> **What the exercise asks**: Omit images. Retype all entries verbatim.

> **Material for this task**:
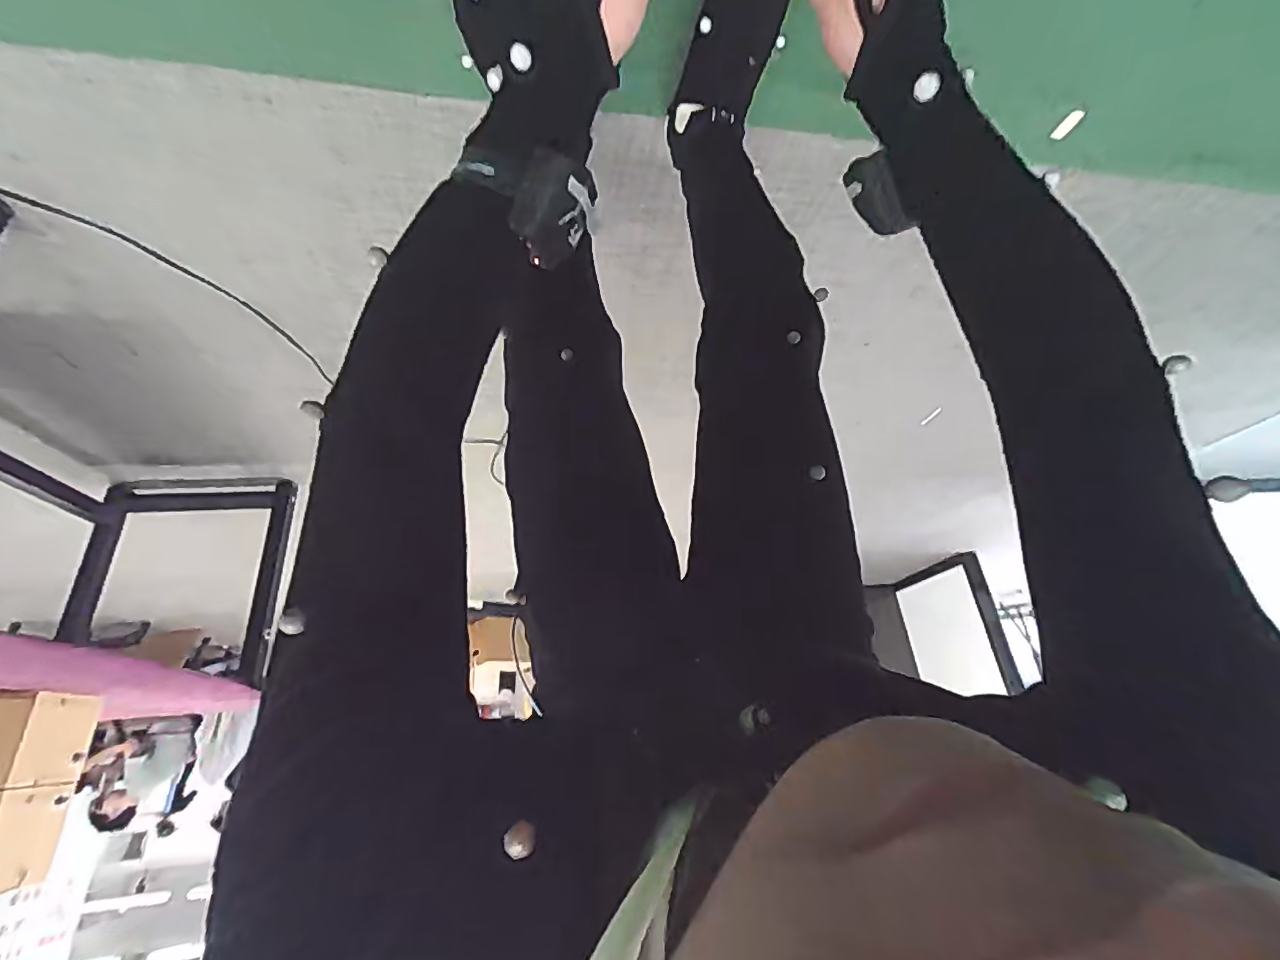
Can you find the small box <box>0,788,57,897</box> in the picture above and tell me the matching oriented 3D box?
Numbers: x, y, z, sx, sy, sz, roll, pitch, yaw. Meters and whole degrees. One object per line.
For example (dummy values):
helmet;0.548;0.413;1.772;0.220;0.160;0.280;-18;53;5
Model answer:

> **Your solution**:
Can you find the small box <box>0,788,57,897</box> in the picture above and tell me the matching oriented 3D box?
Numbers: x, y, z, sx, sy, sz, roll, pitch, yaw. Meters and whole degrees. One object per line.
For example (dummy values):
helmet;0.548;0.413;1.772;0.220;0.160;0.280;-18;53;5
Model answer:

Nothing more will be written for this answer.